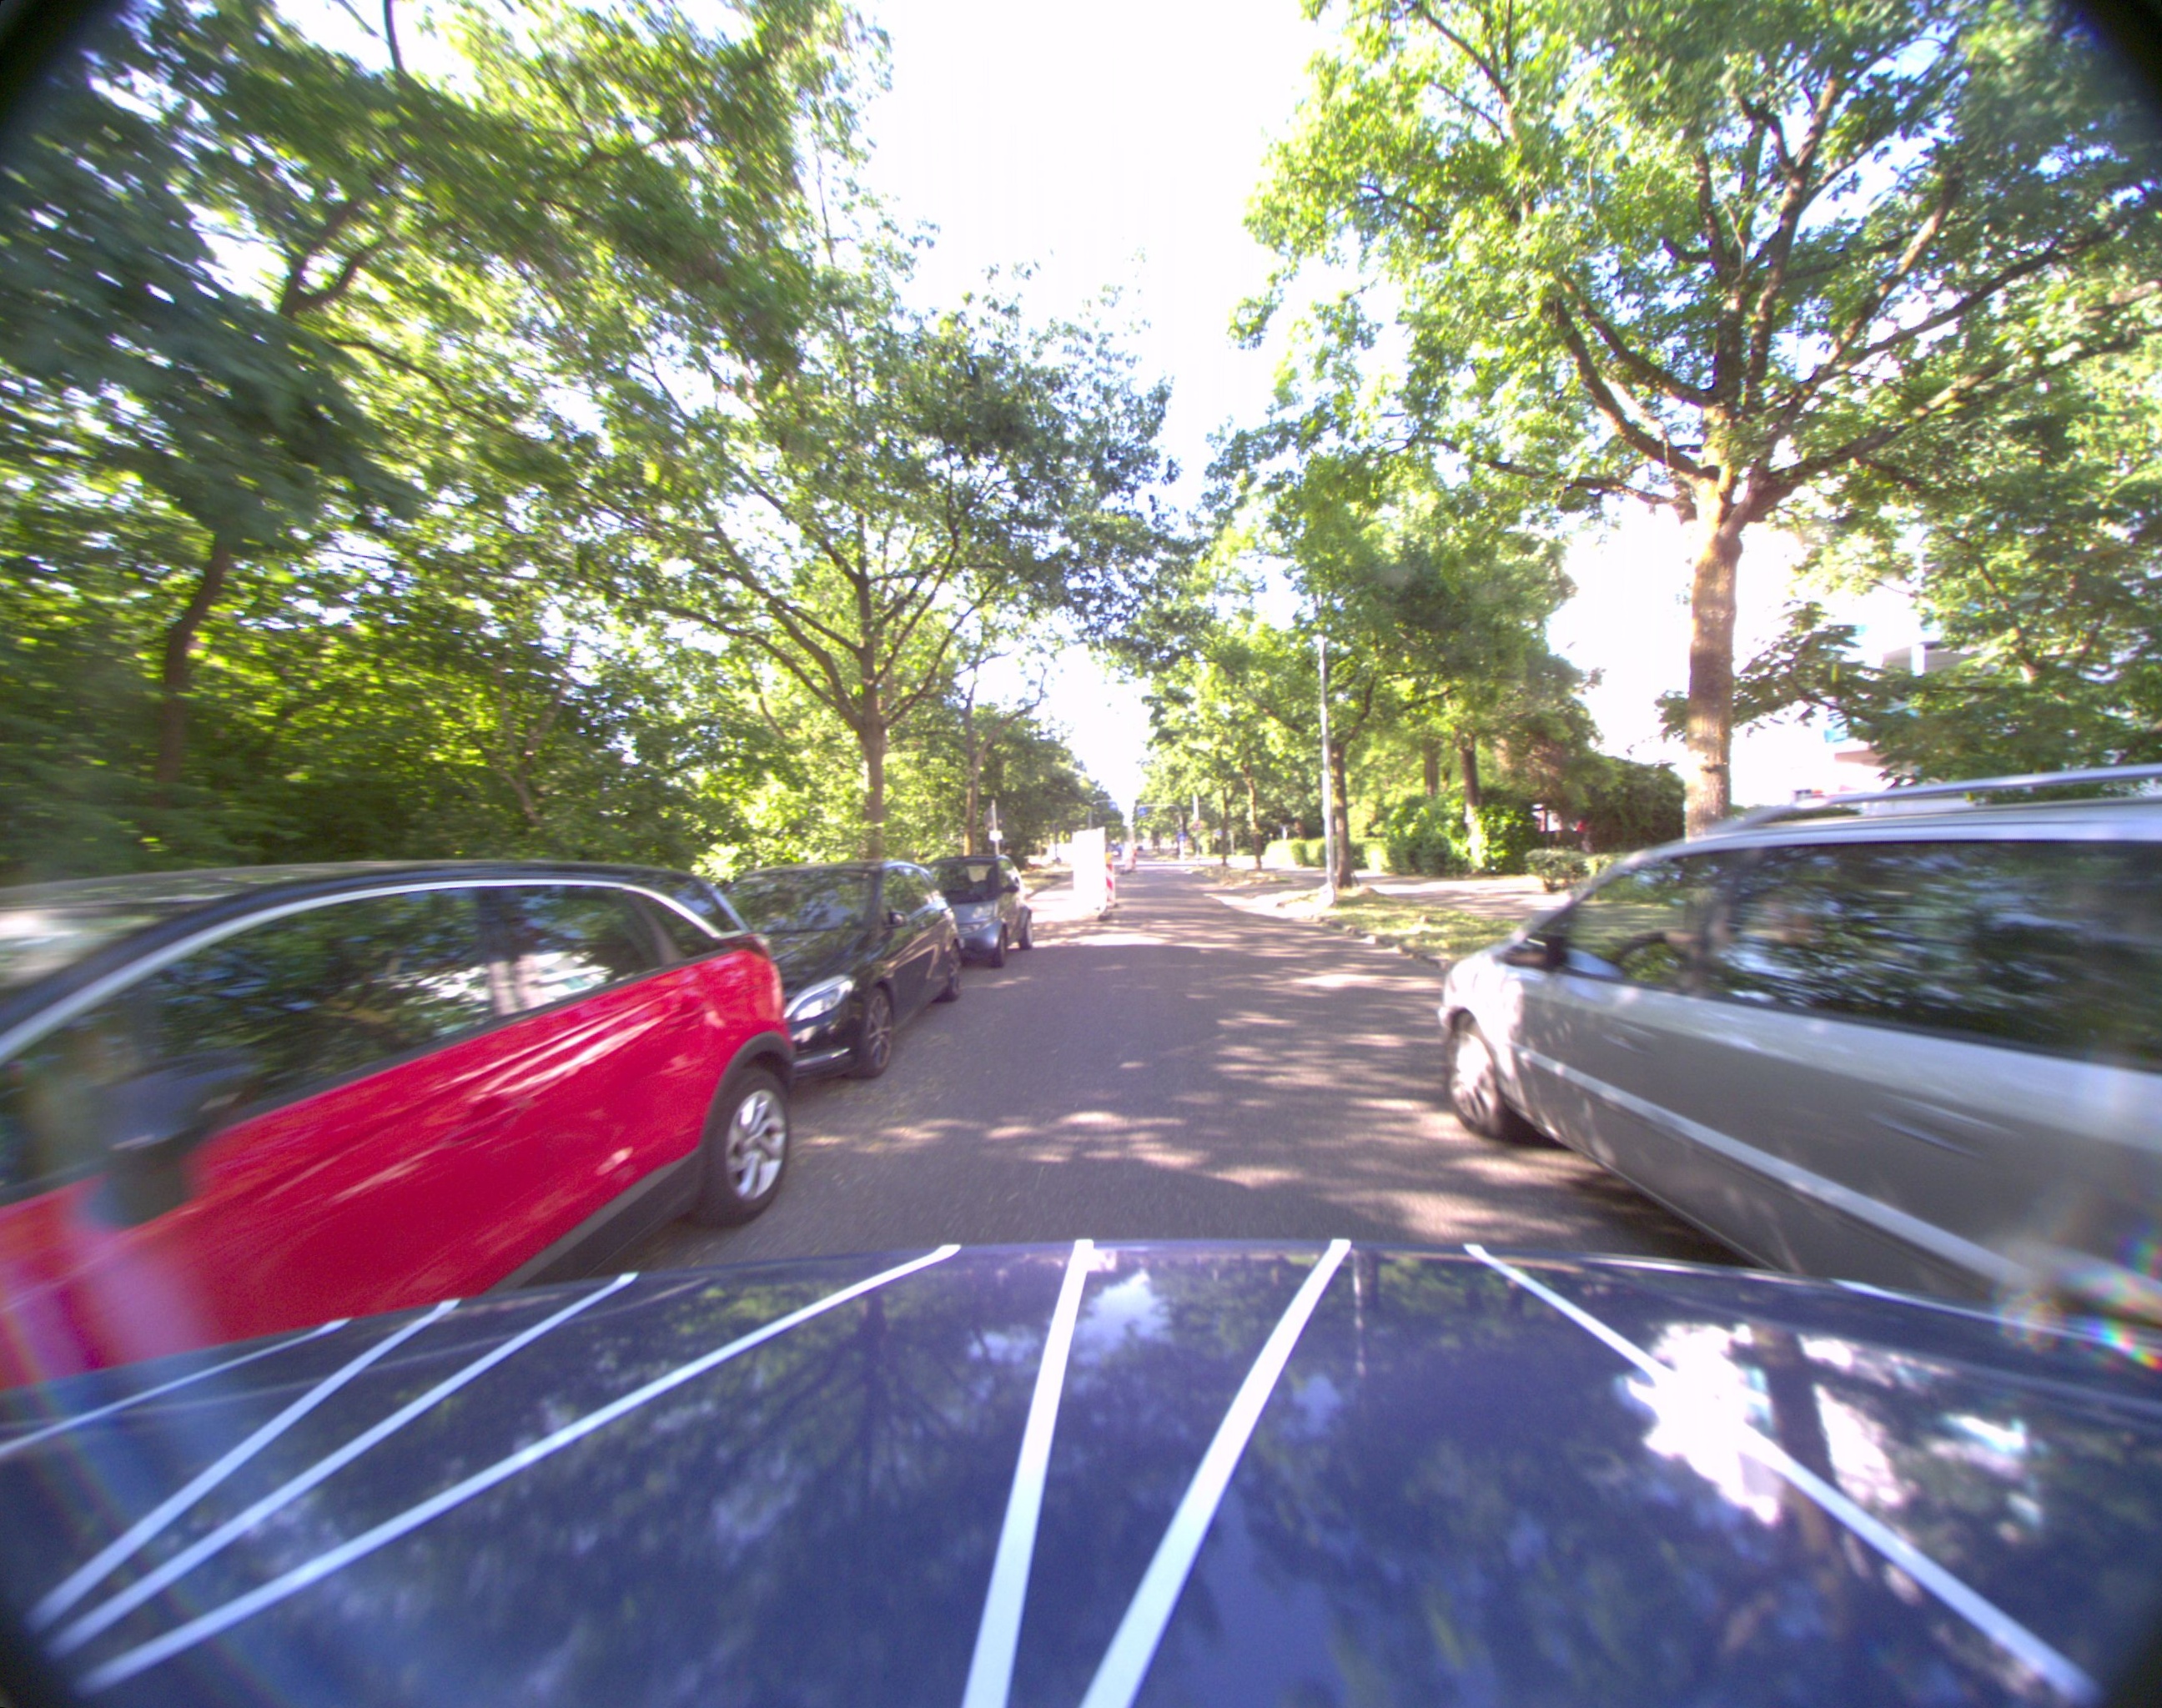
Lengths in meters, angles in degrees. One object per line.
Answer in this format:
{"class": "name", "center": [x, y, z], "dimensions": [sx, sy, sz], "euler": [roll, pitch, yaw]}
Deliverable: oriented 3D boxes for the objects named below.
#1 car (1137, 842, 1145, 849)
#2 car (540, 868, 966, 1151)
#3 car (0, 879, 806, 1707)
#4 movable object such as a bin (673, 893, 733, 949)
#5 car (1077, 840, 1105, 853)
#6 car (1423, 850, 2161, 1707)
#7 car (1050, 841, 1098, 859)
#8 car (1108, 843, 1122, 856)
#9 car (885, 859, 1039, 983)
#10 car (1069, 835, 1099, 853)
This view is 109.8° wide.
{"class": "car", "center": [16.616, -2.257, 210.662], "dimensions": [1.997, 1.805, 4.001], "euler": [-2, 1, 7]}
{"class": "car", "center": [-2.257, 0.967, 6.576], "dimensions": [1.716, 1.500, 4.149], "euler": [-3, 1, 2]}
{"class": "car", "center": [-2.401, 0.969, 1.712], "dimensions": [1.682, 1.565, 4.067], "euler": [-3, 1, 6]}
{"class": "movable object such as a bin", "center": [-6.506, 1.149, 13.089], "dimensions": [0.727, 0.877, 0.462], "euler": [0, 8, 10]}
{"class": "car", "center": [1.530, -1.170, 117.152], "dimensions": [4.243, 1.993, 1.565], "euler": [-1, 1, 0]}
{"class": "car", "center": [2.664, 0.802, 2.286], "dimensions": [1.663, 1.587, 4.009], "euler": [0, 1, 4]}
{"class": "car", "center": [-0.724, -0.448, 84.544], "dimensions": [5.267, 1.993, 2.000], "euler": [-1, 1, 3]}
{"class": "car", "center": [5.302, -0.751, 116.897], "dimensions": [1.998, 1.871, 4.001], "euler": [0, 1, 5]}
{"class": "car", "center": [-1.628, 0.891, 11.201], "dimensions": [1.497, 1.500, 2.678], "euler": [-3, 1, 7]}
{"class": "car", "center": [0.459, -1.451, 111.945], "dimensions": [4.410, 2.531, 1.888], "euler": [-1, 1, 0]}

::::::::::

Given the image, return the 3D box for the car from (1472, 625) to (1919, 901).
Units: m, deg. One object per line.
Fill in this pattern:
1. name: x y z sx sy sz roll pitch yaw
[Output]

::::::::::

## [WHAT YOU NEED TO DO]
Work out the number of lines above that include the string "roll" and write only that number.

## [ANSWER BOX]
2